About this exercise -> Once you reach the line with "This screenshot has width=924, height=1307." in the material below, copy each line exactly up to and including the line with "Where should I", and skip the pictures.

Source material ->
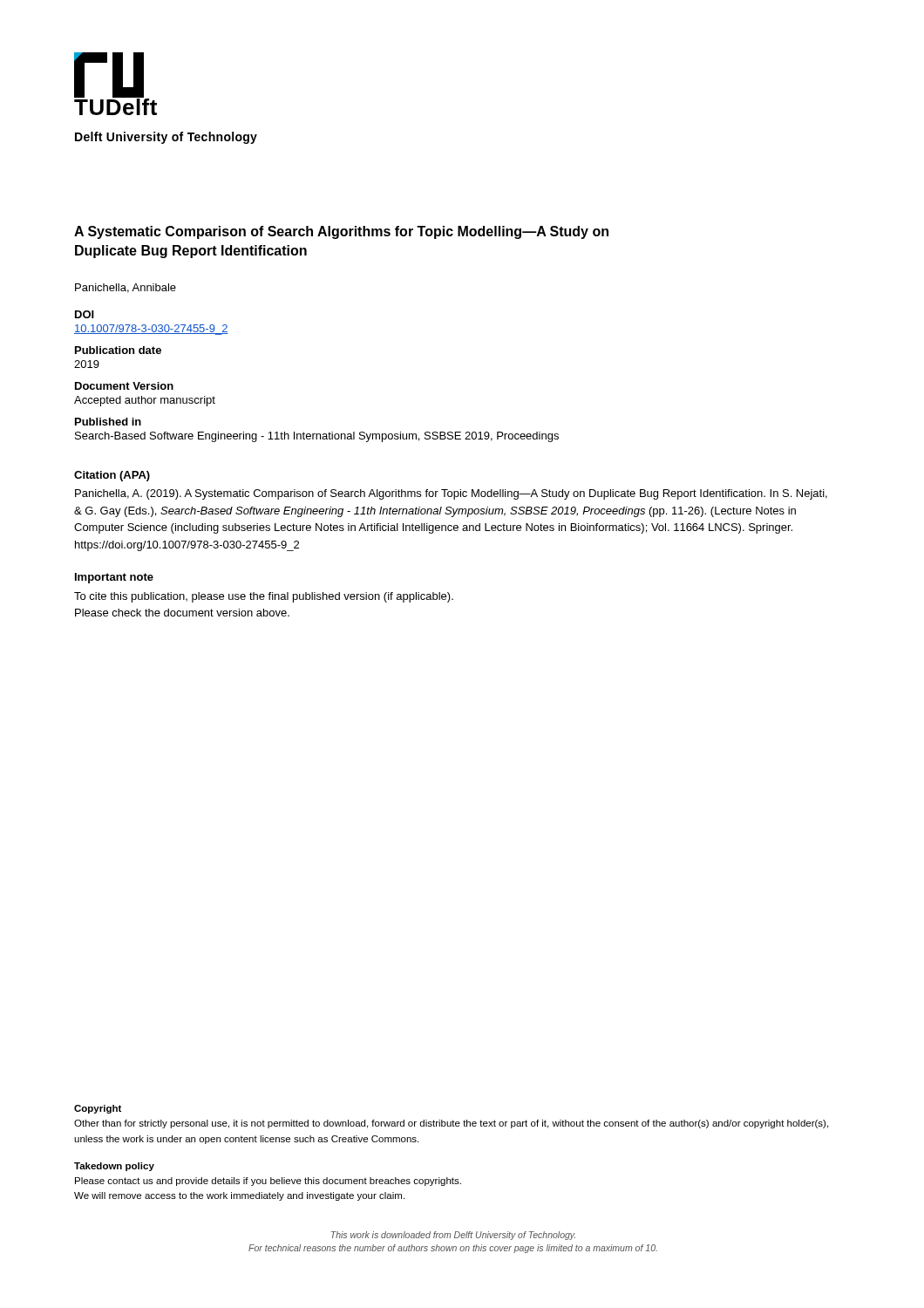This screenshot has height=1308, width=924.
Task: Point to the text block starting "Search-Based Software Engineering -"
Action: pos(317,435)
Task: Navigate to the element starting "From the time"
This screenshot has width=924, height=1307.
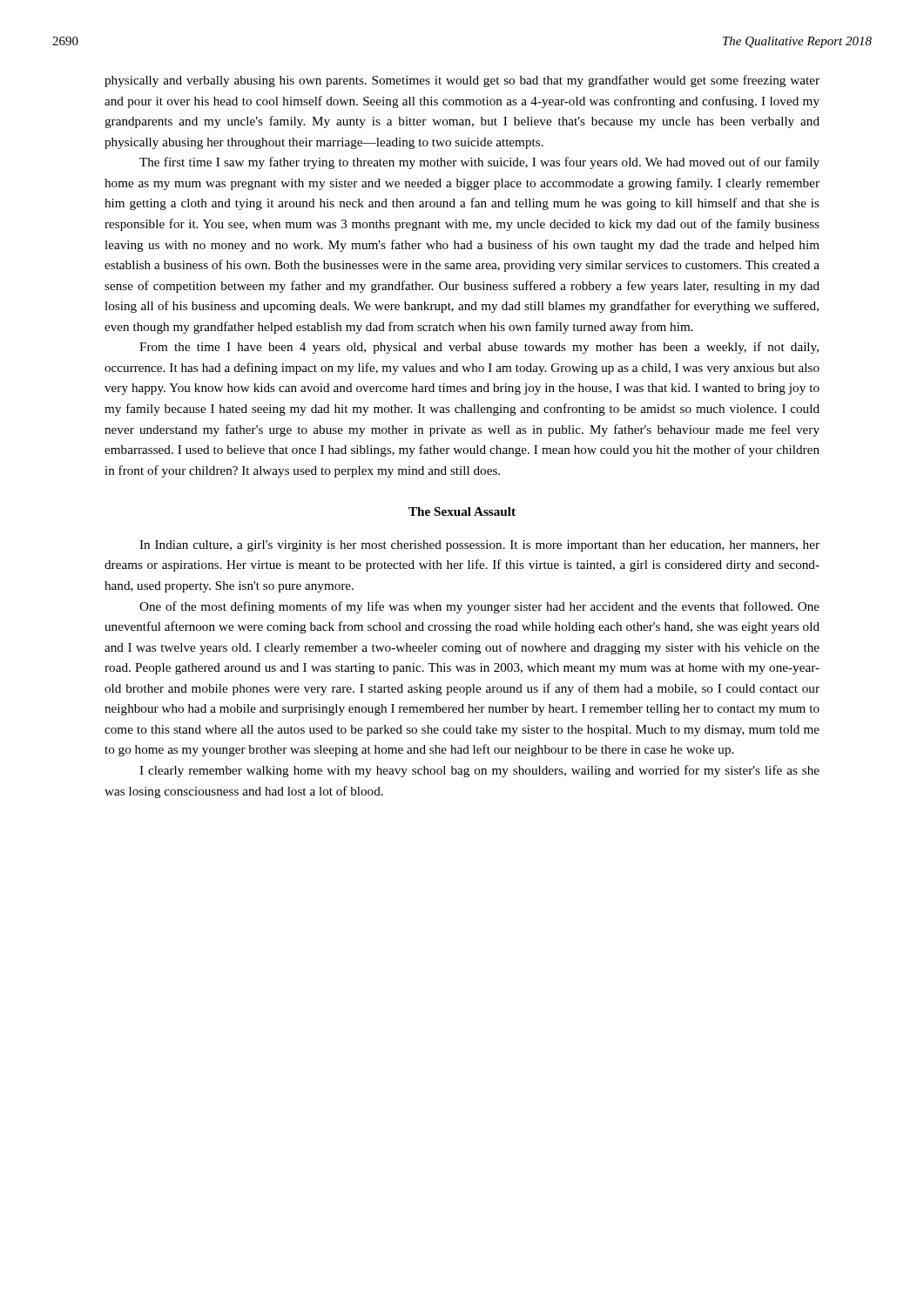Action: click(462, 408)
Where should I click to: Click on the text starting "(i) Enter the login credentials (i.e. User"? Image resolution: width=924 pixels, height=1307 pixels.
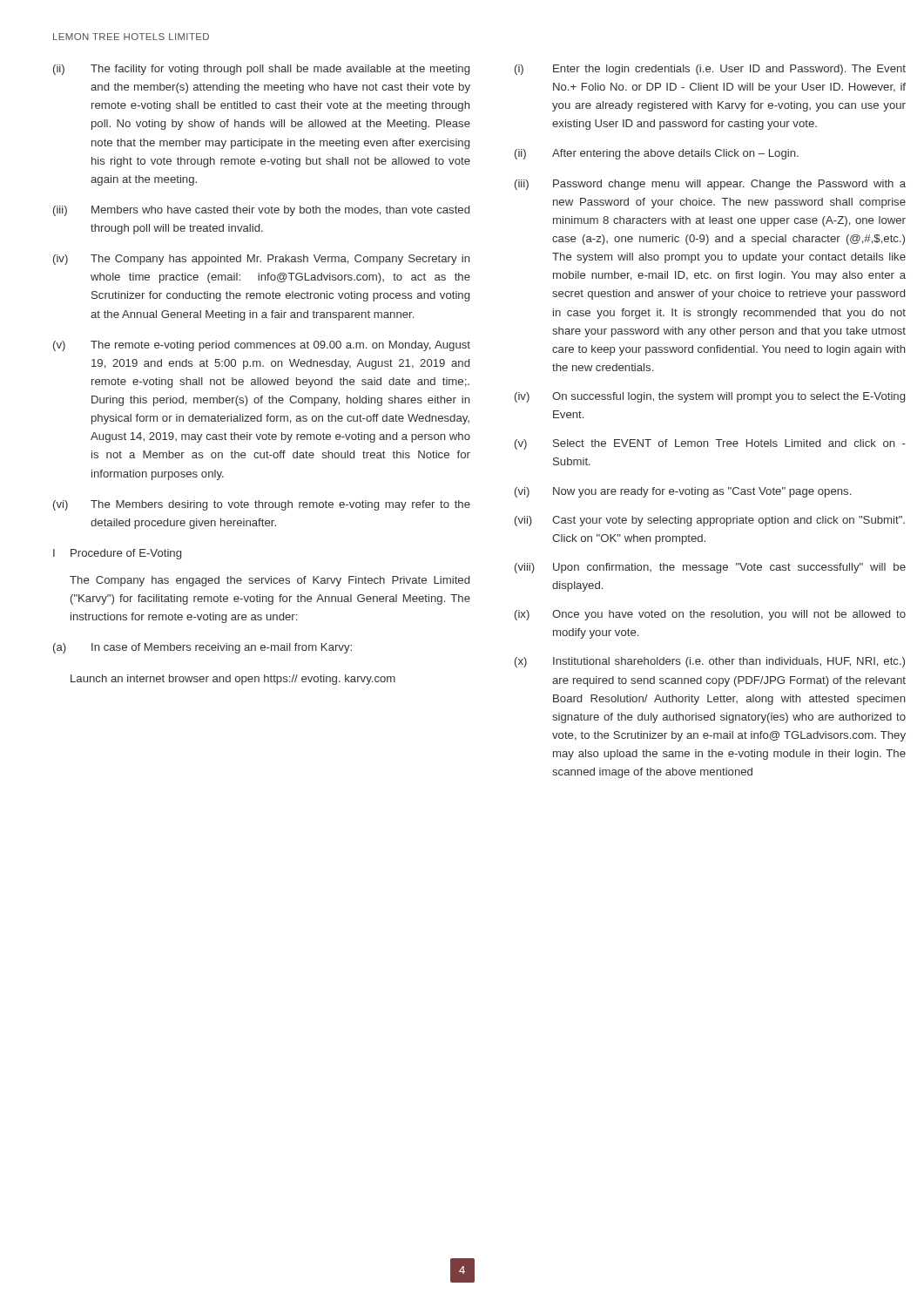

--

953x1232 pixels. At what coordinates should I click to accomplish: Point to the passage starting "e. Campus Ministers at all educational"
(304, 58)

Exercise answer ->
This screenshot has width=924, height=1307.
Action: click(462, 408)
Where should I click to: Click on the text starting "(i) Enter the login credentials (i.e. User"? Image resolution: width=924 pixels, height=1307 pixels.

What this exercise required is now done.